For labels corresponding to EEG samples, we use info_io.write_info(...) to store them in the meta information file. TorchEEG recommends storing as much description information of EEG samples as possible for future use, and using transforms to filter them if necessary.

from torcheeg.datasets import BaseDataset
from torcheeg.io import EEGSignalIO, MetaInfoIO

class CustomDataset(BaseDataset):
    def __init__(self, io_path):
        self.dataset_constructor(io_path)
        super().__init__(io_path)

    def dataset_constructor(self, io_path):
        os.makedirs(io_path)

        meta_info_io_path = os.path.join(io_path, 'info.csv')
        eeg_signal_io_path = os.path.join(io_path, 'eeg')

        info_io = MetaInfoIO(meta_info_io_path)
        eeg_io = EEGSignalIO(eeg_signal_io_path)

        trail_baseline_sample = ... # np.random.randn(32, 128)
        transformed_eeg = self.offline_transform(trail_baseline_sample)
        trail_base_id = eeg_io.write_eeg(transformed_eeg)

        clip_sample = ... # np.random.randn(32, 128)
        transformed_eeg = self.offline_transform(clip_sample)
        clip_id = eeg_io.write_eeg(transformed_eeg)

        label_info = ... # {'valence': 1.0, 'arousal': 3.0}
        clip_info = {'baseline_id': trail_base_id, 'clip_id': clip_id, **label_info}
        info_io.write_info(clip_info)

Finally, define the __getitem__ function to declare the return information when traversing the Dataset. TorchEEG provides self.info and self.eeg_io primitives for obtaining meta information and EEG signals:

from torcheeg.datasets import BaseDataset
from torcheeg.io import EEGSignalIO, MetaInfoIO

class CustomDataset(BaseDataset):
    def __init__(self, io_path, online_transform=None, offline_transform=None, label_transform=None): # other parameters
        self.dataset_constructor() # other parameters
        super().__init__(io_path)
        self.online_transform = online_transform
        self.offline_transform = offline_transform
        self.label_transform = label_transform

    def dataset_constructor(self):
        os.makedirs(self.io_path)

        meta_info_io_path = os.path.join(self.io_path, 'info.csv')
        eeg_signal_io_path = os.path.join(self.io_path, 'eeg')

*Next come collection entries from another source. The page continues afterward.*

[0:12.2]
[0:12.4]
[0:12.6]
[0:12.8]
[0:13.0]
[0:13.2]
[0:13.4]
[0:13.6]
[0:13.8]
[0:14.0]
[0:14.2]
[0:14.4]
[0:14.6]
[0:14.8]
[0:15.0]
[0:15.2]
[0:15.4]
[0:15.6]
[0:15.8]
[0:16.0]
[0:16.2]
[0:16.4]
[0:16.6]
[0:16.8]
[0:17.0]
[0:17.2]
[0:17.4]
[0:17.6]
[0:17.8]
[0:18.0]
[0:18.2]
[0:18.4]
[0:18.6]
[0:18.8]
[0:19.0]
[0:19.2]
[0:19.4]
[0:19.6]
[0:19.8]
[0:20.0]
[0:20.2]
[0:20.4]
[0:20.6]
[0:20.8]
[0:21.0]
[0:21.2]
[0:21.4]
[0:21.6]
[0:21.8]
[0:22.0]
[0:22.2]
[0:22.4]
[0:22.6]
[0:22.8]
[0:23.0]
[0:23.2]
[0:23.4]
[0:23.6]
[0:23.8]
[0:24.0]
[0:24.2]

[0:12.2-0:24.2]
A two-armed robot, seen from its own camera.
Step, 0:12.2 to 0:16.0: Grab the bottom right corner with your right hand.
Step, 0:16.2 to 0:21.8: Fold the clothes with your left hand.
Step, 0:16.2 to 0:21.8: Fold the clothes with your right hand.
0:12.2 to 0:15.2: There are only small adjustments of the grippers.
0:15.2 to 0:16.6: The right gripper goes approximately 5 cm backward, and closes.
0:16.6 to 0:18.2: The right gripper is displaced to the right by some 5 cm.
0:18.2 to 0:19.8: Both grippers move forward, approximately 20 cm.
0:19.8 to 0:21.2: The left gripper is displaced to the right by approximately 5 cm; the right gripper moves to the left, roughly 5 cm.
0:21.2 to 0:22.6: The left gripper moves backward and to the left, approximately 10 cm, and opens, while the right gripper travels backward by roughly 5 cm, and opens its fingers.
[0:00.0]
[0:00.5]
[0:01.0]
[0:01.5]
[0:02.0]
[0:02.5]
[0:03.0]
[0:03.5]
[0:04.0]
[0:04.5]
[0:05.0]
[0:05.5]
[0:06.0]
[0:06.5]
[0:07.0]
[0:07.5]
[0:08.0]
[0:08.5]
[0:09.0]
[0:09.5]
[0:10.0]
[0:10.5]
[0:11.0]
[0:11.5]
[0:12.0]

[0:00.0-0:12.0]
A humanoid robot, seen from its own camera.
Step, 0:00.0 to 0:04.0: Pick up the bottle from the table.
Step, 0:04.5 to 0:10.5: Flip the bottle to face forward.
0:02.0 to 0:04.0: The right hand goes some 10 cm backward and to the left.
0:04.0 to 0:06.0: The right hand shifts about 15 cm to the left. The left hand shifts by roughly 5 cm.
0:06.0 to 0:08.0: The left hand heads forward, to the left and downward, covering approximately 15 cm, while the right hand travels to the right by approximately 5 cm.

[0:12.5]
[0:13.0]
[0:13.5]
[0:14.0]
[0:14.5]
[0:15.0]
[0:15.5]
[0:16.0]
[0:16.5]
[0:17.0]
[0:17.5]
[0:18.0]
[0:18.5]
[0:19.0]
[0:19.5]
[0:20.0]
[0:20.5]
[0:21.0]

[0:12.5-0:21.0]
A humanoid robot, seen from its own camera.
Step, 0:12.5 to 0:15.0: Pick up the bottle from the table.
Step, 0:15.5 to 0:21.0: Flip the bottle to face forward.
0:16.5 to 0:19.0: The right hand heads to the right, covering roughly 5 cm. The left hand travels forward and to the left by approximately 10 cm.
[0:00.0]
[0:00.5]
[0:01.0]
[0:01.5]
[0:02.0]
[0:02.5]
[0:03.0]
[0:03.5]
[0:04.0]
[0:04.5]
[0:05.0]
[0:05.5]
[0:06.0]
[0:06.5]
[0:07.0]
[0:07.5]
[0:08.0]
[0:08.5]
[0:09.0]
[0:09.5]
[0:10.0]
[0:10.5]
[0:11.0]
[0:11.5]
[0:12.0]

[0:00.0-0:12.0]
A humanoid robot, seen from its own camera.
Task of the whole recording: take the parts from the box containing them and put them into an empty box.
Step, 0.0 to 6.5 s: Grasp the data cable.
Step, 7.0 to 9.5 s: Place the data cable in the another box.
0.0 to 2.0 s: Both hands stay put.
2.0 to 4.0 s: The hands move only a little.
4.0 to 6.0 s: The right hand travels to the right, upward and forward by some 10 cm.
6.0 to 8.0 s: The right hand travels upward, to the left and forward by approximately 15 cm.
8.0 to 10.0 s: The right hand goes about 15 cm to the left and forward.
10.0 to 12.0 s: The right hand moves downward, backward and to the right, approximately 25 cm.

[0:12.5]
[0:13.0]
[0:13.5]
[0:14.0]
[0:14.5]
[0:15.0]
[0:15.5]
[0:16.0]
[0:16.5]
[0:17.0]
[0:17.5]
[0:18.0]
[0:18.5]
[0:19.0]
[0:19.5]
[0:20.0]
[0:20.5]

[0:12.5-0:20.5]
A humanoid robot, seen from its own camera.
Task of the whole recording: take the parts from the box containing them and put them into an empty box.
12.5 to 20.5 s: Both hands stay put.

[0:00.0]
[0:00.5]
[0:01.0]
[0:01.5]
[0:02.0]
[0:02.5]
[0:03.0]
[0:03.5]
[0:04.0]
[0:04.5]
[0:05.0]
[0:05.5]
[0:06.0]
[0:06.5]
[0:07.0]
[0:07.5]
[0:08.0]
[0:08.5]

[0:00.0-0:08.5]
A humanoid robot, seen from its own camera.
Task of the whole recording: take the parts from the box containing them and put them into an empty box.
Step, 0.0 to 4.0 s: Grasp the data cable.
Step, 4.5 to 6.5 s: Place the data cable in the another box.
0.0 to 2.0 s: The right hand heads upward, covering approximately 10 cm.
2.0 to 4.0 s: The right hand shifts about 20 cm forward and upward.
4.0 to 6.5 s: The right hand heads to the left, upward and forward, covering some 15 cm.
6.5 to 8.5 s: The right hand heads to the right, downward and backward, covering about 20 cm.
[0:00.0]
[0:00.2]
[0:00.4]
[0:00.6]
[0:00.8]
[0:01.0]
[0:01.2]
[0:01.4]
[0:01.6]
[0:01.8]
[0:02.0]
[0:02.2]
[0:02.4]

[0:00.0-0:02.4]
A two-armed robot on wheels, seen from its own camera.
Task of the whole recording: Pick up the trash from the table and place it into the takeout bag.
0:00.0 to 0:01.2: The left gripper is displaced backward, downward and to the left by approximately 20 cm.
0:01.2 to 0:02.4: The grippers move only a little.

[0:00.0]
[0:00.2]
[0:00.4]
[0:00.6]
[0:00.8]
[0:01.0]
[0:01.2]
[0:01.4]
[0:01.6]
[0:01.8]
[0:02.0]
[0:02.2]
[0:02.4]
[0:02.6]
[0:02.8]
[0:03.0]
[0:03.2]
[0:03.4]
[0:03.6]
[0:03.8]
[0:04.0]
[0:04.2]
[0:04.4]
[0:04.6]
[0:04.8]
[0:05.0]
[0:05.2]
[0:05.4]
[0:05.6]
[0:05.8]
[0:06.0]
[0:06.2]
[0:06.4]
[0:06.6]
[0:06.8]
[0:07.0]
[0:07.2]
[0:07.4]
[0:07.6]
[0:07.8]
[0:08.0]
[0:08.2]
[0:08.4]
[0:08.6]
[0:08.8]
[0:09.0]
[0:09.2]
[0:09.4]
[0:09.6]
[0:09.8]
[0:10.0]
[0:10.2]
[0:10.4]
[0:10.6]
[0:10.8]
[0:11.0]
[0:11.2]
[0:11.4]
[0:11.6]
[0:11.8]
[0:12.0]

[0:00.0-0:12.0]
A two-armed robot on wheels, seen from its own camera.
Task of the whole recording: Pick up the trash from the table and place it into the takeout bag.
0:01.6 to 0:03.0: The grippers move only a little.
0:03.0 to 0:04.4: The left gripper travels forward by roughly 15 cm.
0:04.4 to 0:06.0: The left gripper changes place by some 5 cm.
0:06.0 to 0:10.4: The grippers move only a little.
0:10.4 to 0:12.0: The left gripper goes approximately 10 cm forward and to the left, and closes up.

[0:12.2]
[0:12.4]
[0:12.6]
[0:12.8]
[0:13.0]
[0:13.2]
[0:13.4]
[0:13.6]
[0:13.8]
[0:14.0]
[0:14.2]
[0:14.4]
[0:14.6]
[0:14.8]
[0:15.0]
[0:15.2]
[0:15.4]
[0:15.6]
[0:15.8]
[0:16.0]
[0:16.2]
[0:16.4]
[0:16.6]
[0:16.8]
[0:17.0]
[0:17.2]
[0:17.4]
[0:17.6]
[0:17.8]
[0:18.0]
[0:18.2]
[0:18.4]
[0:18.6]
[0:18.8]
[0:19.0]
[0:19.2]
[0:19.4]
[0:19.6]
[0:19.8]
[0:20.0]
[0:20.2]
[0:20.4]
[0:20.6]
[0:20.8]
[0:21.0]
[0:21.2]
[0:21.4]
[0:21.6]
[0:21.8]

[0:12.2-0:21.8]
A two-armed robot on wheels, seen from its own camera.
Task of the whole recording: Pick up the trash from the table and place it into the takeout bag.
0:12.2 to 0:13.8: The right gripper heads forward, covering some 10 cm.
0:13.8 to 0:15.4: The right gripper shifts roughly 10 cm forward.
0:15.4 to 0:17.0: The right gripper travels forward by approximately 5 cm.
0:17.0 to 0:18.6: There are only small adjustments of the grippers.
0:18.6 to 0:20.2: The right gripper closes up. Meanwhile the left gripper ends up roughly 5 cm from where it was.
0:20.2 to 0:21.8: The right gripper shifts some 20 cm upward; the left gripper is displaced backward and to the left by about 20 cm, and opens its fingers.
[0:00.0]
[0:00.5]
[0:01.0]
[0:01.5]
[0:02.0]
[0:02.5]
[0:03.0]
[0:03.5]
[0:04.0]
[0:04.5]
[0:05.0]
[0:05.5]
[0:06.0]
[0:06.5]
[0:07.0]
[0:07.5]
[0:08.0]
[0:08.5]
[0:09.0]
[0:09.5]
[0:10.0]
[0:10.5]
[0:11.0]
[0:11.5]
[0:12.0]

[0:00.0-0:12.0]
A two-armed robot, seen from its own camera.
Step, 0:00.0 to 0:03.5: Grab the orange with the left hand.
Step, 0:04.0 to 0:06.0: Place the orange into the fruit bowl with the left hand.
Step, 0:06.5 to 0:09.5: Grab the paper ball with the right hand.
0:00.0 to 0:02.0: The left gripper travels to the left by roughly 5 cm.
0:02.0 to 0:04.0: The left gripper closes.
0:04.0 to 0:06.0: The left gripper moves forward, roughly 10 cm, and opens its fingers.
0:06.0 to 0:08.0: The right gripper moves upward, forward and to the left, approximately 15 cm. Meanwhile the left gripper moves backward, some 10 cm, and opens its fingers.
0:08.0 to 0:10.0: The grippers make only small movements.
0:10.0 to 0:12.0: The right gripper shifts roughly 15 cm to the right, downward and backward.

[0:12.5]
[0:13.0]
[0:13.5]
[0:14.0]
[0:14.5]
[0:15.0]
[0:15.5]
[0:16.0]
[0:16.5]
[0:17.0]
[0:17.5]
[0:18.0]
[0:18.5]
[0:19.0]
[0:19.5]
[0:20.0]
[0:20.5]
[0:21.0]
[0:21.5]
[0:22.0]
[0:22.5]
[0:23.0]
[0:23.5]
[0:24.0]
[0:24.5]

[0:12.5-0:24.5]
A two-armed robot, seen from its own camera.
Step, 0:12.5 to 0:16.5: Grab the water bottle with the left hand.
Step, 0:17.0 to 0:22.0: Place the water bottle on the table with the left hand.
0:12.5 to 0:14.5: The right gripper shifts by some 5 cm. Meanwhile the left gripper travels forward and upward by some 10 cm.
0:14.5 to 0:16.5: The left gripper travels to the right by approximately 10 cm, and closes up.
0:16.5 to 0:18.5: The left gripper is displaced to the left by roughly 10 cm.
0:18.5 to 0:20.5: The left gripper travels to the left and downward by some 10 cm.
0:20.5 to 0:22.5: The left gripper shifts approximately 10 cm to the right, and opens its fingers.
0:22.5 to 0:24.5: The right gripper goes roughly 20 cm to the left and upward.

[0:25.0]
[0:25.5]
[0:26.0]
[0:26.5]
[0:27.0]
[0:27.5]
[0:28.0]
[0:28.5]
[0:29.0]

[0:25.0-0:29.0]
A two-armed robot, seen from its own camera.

        info_io = MetaInfoIO(meta_info_io_path)
        eeg_io = EEGSignalIO(eeg_signal_io_path)

        trail_baseline_sample = ... # np.random.randn(32, 128)
        transformed_eeg = self.offline_transform(trail_baseline_sample)
        trail_base_id = eeg_io.write_eeg(transformed_eeg)

        clip_sample = ... # np.random.randn(32, 128)
        transformed_eeg = self.offline_transform(clip_sample)
        clip_id = eeg_io.write_eeg(transformed_eeg)

        label_info = ... # {'valence': 1.0, 'arousal': 3.0}
        clip_info = {'baseline_id': trail_base_id, 'clip_id': clip_id, **label_info}
        info_io.write_info(clip_info)

    def __getitem__(self, index):
        info = self.info.iloc[index].to_dict()

        eeg_index = str(info['clip_id'])
        eeg = self.eeg_io.read_eeg(eeg_index)

        if self.online_transform:
            eeg = self.online_transform(eeg)

        baseline_index = str(info['baseline_id'])
        baseline = self.eeg_io.read_eeg(baseline_index)

        if self.online_transform:
            baseline = self.online_transform(baseline)

        if self.label_transform:
            info = self.label_transform(info)

        return eeg, baseline, info

For meta information, the best practice is to use self.info.iloc[index].to_dict() to convert the meta information of the sample to a dict, which is then processed by label_transform. For EEG samples, the best practice is to use self.eeg_io.read_eeg(...) to obtain the clip_id in the meta information, and pass it to online_transform for subsequent processing, and the same is true for the baseline signal.

So far, we have completed a new database definition. Don’t hesitate to use it to open new experiments and validations! In the meantime, feel free to submit PRs and contribute your database to TorchEEG.